Taking the Initiative
Posted by Kent Scheidegger
Officer Larry Lasater of the Pittsburg, California Police Department would have been 44 today. The thug who gunned him down sits on California's death row. He has been there six years with no end in sight. Regrettably, the California Legislature is run by people who care more about murderers than victims and who have repeatedly killed the reforms needed to complete these cases in a reasonable time.
Today an initiative was filed with the California Attorney General to take the reform question directly to the people. If the requisite number of signatures can be gathered, it will be on the ballot in the November 2014 election.
Drafted by a committee including yours truly, it will, if approved, fix the key problems that are actually wrong with current law, not to be confused with the intentional misdiagnosis of the majority report of John Burton's stacked commission.
I will have a full paper later explaining the reforms, what is actually wrong, and why these reforms will fix what is actually wrong.

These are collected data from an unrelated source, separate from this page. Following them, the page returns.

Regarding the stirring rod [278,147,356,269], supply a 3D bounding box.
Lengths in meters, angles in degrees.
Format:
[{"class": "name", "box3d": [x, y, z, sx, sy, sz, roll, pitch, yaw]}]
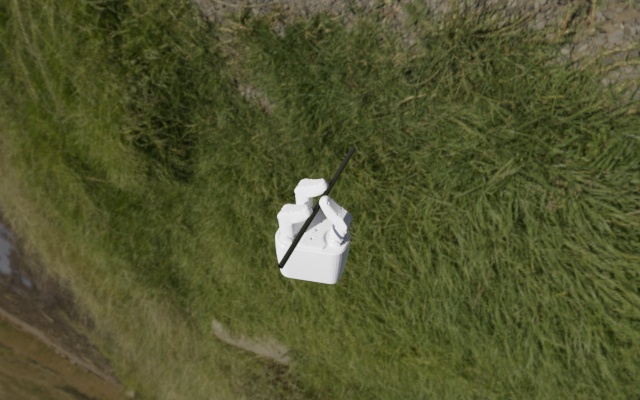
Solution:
[{"class": "stirring rod", "box3d": [0.000, 0.002, 0.691, 0.011, 0.239, 0.011, 21, -35, 16]}]
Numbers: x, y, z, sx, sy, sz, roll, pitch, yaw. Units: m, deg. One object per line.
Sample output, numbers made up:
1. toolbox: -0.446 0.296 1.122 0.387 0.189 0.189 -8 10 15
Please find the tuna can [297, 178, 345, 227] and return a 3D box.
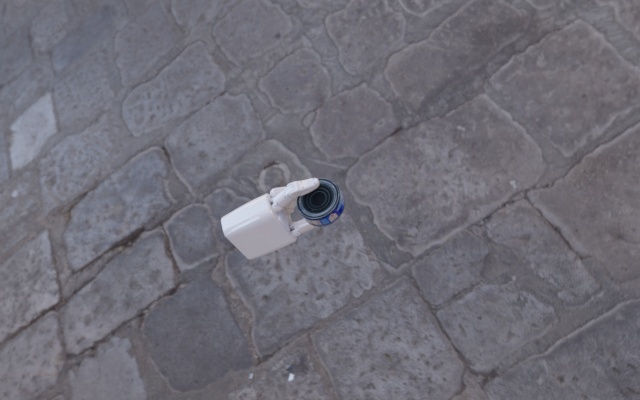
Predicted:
1. tuna can: 0.000 0.003 0.879 0.086 0.086 0.034 0 -26 22
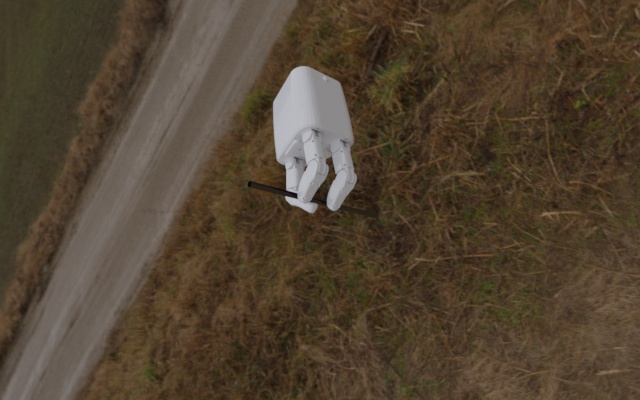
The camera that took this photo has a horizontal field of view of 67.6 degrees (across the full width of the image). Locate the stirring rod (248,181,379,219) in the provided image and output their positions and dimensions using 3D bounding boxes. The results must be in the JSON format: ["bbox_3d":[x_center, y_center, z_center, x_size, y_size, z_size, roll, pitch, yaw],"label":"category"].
[{"bbox_3d":[0.000,0.002,0.670,0.239,0.011,0.011,14,-10,-41],"label":"stirring rod"}]
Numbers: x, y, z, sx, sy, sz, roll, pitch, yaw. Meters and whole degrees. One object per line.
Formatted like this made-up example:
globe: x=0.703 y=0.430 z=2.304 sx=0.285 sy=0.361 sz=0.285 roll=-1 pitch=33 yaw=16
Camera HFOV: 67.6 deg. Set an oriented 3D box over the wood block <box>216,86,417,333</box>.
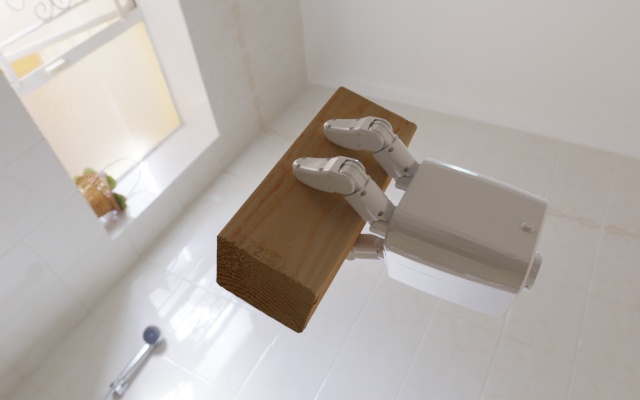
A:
wood block: x=0.000 y=0.002 z=0.440 sx=0.090 sy=0.206 sz=0.091 roll=29 pitch=-35 yaw=9
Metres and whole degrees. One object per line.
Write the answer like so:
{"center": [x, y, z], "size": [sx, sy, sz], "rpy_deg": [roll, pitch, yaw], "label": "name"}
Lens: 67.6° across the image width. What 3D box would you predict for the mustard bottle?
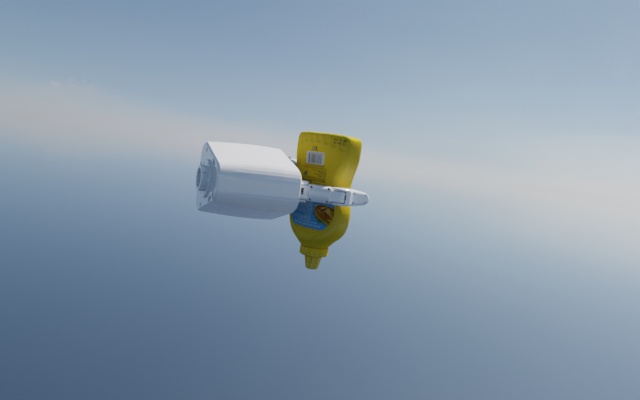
{"center": [0.000, 0.002, 0.672], "size": [0.096, 0.191, 0.058], "rpy_deg": [13, 7, 39], "label": "mustard bottle"}
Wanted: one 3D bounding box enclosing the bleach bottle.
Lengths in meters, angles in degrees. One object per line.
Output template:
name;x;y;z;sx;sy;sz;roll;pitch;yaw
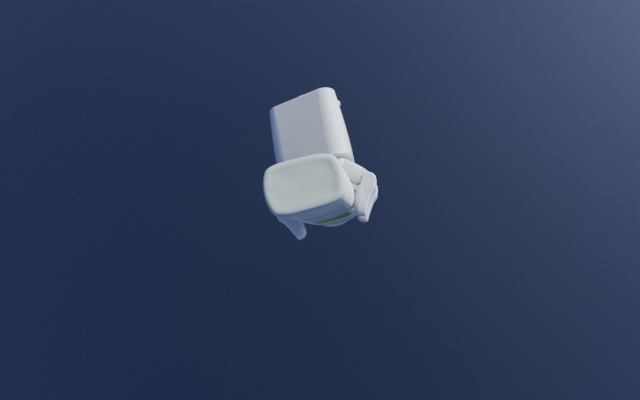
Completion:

There is little doubt that the people will vote for reform if given the choice between reform and the status quo. Last year, given the unpalatable choice of repeal versus the status quo, a majority voted to keep the death penalty despite a massive funding advantage for the other side. Given a choice between the status quo and a set of reforms that will make the death penalty effective and save taxpayer dollars at the same time, a landslide is likely.